The character of Jack is straining after an Everyman significance, which it struggles to carry off convincingly. When he claims “I'm sick of resentful … fish, who think that you owe them but who won't trust you for a second to do anything for them,” the potential seriousness of his role as a spokesperson for modern man is undermined by his position on a couch, his choice of metaphor, and the fact that we are looking at George Clooney, twice voted the world's sexiest man. Lines of dialogue like Melanie's “That's a totally ex-husband thing to do” countered by Jack's “Well, you would know because that's a totally ex-wife reaction,” clearly echo one another but never reach the wit or even fun in language taken by Walter Burns (Cary Grant) and Hildy Johnson (Rosalind Russell) in
His Girl Friday
(Howard Hawks, 1940) or other screwball comedies, which this film dimly resembles.
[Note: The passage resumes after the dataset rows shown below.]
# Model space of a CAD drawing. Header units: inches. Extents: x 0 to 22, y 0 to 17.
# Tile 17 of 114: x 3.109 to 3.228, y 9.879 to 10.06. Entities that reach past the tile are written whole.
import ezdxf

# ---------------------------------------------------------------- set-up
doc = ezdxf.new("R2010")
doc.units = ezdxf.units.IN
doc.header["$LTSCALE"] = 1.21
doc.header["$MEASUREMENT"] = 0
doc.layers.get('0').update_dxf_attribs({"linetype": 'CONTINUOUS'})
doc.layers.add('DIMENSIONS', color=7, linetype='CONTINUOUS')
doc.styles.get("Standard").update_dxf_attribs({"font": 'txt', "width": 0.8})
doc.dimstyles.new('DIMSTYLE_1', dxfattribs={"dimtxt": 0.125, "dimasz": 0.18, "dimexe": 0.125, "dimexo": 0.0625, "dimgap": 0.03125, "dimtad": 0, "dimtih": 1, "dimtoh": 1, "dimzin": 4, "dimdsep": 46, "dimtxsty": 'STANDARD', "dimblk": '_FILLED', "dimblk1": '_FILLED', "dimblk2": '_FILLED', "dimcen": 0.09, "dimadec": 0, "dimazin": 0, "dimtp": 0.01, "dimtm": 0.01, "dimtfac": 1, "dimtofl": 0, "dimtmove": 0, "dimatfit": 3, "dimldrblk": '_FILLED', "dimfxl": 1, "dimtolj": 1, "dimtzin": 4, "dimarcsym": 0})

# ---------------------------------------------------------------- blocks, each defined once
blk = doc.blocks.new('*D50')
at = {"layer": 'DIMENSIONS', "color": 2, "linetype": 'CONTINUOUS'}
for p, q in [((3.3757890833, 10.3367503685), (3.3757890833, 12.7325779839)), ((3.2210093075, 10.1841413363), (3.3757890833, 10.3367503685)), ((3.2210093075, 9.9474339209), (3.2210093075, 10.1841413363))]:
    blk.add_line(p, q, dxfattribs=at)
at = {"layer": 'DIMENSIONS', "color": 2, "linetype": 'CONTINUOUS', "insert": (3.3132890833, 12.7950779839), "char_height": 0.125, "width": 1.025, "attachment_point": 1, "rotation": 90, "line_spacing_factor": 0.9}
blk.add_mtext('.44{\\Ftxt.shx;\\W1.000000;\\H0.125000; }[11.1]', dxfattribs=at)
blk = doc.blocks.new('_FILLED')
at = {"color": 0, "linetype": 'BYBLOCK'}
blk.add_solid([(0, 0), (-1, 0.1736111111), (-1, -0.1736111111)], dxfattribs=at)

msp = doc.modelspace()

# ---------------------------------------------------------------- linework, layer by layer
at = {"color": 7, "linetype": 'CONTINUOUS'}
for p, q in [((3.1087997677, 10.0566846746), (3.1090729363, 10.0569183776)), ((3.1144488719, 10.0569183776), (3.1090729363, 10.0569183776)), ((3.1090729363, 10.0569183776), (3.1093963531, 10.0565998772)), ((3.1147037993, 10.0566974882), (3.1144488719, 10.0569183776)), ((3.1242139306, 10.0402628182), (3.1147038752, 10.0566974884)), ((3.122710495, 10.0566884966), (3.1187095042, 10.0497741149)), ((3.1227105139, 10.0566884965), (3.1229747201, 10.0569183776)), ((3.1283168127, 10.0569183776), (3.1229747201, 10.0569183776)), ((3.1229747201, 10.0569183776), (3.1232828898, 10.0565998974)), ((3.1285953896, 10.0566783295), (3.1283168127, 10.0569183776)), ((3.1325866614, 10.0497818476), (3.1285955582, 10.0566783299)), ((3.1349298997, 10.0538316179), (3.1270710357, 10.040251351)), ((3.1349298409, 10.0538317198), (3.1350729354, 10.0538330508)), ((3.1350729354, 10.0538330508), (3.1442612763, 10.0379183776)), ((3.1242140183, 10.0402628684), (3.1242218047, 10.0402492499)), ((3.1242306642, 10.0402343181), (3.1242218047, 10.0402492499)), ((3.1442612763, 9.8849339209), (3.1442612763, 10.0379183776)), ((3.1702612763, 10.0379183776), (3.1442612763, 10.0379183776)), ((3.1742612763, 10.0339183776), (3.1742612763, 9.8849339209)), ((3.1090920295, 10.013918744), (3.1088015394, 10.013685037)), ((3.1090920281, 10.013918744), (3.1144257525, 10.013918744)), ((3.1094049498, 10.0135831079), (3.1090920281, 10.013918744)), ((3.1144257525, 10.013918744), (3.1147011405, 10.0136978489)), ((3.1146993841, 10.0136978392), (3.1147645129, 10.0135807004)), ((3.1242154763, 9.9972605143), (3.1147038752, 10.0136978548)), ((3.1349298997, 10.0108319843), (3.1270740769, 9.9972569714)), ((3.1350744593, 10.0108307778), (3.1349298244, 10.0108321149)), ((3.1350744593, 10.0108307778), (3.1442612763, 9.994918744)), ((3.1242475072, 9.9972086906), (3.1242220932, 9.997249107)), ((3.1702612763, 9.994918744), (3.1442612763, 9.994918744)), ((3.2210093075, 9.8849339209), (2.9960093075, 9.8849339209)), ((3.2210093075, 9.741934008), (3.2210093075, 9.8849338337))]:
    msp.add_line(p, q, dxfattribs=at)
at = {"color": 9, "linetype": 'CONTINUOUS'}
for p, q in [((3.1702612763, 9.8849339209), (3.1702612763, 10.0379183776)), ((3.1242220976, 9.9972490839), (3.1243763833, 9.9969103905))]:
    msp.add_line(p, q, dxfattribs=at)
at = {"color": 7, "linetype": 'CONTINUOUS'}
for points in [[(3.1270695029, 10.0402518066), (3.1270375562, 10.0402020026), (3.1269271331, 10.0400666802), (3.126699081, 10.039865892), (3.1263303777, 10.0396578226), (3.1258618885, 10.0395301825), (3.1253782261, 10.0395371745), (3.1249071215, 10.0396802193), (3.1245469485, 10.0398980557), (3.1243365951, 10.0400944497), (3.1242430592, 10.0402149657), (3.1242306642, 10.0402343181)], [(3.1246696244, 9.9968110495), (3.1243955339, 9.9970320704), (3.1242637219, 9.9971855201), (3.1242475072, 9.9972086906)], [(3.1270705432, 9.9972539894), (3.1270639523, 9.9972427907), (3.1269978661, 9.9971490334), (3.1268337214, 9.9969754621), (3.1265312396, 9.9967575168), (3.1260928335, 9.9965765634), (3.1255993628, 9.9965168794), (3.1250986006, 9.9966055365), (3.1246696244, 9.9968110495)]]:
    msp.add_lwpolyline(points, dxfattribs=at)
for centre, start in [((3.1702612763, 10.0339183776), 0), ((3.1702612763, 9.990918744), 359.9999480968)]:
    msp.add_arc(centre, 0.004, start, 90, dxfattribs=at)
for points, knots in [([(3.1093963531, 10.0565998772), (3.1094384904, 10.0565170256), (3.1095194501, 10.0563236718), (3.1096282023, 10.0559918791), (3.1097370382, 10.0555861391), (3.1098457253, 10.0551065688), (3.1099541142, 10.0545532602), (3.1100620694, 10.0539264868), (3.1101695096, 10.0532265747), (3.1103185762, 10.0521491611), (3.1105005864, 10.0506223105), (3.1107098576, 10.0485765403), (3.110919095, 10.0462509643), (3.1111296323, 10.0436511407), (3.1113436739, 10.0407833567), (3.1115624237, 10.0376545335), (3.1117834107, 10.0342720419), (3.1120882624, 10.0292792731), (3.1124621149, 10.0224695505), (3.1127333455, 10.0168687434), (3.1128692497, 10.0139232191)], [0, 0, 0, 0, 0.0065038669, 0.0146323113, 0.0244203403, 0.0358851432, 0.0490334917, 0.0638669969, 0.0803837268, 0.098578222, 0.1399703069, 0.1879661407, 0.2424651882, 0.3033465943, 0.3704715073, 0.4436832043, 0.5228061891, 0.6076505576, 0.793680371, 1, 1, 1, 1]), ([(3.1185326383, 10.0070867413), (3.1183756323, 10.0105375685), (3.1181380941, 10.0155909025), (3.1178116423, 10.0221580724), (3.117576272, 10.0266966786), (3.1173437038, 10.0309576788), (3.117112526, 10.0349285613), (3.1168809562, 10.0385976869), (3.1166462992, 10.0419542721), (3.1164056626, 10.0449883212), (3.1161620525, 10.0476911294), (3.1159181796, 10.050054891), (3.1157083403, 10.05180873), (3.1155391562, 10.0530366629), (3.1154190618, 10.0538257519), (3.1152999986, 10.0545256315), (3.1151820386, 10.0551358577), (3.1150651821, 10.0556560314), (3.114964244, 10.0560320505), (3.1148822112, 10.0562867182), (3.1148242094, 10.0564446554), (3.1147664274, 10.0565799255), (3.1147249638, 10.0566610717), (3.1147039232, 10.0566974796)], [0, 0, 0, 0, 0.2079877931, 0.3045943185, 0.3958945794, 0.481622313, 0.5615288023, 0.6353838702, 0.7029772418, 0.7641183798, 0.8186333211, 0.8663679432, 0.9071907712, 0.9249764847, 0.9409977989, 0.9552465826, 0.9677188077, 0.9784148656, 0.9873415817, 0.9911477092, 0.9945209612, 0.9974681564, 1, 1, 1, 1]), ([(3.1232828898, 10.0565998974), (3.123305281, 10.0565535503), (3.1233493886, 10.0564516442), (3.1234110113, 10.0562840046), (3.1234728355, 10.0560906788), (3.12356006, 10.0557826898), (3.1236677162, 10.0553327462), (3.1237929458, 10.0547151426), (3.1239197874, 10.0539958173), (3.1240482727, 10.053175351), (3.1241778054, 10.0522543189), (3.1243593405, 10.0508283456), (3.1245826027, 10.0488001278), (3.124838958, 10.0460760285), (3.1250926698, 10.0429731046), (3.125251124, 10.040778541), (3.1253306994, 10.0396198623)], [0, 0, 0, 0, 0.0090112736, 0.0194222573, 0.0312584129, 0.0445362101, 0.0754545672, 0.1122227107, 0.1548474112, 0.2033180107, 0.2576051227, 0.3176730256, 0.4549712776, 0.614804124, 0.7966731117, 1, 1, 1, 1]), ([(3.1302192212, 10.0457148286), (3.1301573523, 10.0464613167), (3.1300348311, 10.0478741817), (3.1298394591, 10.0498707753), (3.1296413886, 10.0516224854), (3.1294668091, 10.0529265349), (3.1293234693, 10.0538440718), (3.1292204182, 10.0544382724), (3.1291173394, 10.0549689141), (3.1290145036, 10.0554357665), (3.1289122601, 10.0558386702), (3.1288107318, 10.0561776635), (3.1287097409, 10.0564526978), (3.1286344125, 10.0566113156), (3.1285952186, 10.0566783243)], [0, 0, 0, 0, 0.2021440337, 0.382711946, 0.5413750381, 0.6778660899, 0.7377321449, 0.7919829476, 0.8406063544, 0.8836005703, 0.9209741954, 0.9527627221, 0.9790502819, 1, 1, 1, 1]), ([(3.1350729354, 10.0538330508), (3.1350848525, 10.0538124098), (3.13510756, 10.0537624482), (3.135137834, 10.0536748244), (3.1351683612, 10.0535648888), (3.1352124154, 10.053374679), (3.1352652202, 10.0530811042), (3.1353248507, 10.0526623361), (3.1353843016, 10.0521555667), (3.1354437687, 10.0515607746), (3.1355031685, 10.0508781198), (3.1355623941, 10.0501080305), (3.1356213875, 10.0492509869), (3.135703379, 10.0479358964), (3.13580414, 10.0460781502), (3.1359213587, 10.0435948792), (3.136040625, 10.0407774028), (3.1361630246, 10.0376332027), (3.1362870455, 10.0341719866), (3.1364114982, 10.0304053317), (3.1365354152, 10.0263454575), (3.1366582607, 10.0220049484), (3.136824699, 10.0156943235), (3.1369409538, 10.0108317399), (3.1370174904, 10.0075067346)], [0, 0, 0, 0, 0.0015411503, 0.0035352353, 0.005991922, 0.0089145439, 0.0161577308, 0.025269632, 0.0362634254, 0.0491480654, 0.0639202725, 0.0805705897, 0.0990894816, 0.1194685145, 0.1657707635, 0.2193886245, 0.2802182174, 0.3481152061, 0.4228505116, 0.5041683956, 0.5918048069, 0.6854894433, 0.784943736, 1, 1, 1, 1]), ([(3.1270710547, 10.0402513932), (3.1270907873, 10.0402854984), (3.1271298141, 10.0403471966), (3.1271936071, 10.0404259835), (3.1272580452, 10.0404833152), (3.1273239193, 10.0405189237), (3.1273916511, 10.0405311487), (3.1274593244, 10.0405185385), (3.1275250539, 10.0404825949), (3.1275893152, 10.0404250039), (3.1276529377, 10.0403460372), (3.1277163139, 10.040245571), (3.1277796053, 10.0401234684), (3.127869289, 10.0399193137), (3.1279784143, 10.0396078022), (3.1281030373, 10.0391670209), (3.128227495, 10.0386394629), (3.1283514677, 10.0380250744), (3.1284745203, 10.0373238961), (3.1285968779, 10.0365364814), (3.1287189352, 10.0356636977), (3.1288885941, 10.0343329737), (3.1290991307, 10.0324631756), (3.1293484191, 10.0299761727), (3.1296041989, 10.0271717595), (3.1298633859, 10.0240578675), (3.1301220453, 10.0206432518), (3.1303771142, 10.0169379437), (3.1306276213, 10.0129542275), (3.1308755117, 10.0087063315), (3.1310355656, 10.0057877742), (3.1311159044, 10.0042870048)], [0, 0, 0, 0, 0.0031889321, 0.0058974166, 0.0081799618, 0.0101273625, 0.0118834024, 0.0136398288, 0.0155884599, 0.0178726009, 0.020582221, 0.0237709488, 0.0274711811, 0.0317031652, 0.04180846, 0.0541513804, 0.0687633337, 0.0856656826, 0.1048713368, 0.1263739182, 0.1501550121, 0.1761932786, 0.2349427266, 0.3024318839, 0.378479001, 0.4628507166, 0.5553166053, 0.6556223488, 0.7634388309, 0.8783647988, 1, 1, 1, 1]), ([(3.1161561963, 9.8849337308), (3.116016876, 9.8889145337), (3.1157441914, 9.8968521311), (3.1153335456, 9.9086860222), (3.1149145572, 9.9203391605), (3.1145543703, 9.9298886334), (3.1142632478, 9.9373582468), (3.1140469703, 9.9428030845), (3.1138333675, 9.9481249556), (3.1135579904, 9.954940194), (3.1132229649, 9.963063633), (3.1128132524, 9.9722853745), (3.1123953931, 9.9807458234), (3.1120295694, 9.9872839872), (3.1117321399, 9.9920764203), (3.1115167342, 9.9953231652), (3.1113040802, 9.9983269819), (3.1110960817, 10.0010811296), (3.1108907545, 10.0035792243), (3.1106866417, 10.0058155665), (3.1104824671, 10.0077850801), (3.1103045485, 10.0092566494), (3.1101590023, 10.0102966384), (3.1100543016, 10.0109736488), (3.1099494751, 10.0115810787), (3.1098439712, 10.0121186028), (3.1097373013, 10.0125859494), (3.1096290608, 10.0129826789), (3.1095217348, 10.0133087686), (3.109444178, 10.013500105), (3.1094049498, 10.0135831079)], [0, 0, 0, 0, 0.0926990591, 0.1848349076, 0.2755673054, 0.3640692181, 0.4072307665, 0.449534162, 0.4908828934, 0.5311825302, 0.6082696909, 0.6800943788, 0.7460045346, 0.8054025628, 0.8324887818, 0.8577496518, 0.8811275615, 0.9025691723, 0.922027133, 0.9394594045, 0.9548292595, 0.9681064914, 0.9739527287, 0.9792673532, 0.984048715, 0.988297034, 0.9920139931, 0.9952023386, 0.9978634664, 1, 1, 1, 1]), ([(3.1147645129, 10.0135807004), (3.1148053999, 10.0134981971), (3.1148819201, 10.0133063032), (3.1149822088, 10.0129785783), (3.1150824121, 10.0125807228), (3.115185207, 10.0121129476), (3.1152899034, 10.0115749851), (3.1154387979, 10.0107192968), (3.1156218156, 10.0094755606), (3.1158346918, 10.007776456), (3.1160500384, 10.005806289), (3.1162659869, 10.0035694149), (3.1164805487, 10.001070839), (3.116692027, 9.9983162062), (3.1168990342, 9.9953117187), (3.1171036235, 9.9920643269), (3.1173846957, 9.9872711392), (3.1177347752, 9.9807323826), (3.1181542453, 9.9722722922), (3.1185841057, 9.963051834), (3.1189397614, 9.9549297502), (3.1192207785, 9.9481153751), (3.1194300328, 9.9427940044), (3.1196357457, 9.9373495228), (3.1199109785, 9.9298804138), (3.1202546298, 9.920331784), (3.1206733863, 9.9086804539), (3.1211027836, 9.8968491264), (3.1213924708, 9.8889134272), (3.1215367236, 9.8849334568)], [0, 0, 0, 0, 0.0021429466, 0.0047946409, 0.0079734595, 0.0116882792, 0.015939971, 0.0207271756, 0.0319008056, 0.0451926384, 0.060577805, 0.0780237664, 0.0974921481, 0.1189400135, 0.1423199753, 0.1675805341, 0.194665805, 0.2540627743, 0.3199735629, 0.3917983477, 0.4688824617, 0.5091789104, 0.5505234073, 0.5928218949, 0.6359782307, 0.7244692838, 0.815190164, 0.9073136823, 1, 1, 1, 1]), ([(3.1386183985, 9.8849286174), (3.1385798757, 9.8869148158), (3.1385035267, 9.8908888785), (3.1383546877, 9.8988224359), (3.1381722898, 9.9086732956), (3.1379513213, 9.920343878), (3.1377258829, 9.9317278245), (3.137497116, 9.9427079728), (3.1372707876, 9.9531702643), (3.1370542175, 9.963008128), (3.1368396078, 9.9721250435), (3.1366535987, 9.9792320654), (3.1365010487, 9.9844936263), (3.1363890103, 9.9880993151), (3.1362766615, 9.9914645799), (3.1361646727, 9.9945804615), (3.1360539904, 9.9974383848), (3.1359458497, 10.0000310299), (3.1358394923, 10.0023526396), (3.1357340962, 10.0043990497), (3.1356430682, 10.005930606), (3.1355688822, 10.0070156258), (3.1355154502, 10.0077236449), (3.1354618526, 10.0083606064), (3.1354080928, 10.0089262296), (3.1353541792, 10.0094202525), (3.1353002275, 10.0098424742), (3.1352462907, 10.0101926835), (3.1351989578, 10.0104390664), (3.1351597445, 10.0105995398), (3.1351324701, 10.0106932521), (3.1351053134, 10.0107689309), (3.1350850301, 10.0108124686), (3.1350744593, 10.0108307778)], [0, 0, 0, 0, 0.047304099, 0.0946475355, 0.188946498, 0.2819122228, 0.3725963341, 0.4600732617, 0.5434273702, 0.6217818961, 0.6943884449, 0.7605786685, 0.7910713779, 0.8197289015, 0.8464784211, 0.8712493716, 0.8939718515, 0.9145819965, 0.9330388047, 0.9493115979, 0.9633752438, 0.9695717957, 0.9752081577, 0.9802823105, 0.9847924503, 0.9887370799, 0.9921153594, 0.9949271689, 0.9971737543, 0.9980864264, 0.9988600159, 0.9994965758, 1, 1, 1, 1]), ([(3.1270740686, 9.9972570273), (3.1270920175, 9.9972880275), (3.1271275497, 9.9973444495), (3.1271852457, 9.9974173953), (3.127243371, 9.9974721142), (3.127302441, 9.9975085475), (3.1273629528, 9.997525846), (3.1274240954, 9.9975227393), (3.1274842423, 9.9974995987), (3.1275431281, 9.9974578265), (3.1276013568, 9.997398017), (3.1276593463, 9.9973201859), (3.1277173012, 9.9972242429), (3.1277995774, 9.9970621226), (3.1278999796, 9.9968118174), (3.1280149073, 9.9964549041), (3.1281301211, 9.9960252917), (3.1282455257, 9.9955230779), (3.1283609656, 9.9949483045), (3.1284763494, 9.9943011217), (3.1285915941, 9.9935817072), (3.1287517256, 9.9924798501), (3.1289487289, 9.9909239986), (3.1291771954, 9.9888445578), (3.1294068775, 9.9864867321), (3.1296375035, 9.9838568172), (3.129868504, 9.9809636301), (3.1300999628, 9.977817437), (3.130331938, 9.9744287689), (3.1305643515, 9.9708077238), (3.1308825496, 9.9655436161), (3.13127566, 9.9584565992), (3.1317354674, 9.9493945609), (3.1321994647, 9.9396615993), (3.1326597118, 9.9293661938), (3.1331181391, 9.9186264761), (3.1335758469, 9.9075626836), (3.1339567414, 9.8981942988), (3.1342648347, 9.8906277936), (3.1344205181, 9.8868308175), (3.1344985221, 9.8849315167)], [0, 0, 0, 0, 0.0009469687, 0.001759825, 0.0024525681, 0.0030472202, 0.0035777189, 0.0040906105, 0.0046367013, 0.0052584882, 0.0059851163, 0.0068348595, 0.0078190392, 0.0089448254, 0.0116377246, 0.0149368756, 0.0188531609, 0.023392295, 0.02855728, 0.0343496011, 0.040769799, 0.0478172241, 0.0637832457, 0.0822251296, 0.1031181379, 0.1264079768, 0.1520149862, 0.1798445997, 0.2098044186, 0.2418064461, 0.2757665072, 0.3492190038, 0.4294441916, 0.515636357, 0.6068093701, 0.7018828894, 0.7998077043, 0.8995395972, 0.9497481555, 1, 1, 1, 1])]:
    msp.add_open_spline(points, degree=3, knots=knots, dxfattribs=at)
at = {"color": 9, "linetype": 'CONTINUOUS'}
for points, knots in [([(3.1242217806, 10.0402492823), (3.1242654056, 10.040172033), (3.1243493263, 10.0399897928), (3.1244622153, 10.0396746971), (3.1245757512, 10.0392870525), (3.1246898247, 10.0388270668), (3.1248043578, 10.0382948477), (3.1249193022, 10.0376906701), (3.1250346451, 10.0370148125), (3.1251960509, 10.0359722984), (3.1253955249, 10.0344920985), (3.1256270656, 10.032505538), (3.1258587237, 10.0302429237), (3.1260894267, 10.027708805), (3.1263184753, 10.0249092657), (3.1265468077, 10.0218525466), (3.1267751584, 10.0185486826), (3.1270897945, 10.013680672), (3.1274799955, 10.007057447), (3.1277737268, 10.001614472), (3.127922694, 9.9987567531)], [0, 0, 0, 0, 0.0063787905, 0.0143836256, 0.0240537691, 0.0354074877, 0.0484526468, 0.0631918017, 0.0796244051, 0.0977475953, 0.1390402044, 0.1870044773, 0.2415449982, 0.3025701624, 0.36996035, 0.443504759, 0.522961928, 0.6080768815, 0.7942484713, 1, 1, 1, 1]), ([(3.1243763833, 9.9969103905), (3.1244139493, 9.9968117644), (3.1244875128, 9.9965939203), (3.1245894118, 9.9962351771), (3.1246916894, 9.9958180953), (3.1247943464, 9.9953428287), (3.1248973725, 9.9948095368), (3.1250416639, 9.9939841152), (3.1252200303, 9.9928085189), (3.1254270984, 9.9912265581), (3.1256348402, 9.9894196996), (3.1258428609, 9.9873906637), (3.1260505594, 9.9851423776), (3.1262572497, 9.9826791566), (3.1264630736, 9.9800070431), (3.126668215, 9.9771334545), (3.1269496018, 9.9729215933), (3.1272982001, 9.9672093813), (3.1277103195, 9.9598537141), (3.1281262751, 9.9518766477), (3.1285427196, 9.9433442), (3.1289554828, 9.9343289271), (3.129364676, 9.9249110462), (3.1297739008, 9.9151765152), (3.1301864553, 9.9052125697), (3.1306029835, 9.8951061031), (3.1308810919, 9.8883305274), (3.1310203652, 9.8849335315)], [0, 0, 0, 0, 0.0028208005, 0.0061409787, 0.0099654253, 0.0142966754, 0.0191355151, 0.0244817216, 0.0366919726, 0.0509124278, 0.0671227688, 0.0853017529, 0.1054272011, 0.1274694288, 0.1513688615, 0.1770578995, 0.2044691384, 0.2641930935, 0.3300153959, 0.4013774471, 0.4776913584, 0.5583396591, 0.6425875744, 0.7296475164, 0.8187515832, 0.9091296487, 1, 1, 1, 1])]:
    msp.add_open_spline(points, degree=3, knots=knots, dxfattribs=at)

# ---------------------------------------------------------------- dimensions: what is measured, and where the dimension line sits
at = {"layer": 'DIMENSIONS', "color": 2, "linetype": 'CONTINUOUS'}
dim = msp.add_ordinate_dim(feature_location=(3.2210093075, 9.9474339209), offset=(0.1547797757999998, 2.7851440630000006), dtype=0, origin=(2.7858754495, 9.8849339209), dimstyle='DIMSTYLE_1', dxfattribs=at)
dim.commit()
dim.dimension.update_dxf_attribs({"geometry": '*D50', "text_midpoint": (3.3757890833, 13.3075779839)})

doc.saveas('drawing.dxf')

Initially, Sammy and Maggie echo their parents' animosity, pulling faces at each other in the taxi, but predictably over the course of the film they act as catalysts to bring them together. It is the search for Maggie, who wanders off after a kitten, and Sammy's soccer game that bring into sharp focus Jack's qualities as a parent, particularly in contrast with Melanie's largely absent ex-partner. At the denouement, the seal of approval for the implied future relationship of Jack and Melanie comes from the children coming into the room, where the adults are eventually at ease with one another sufficiently to fall asleep on the couch together.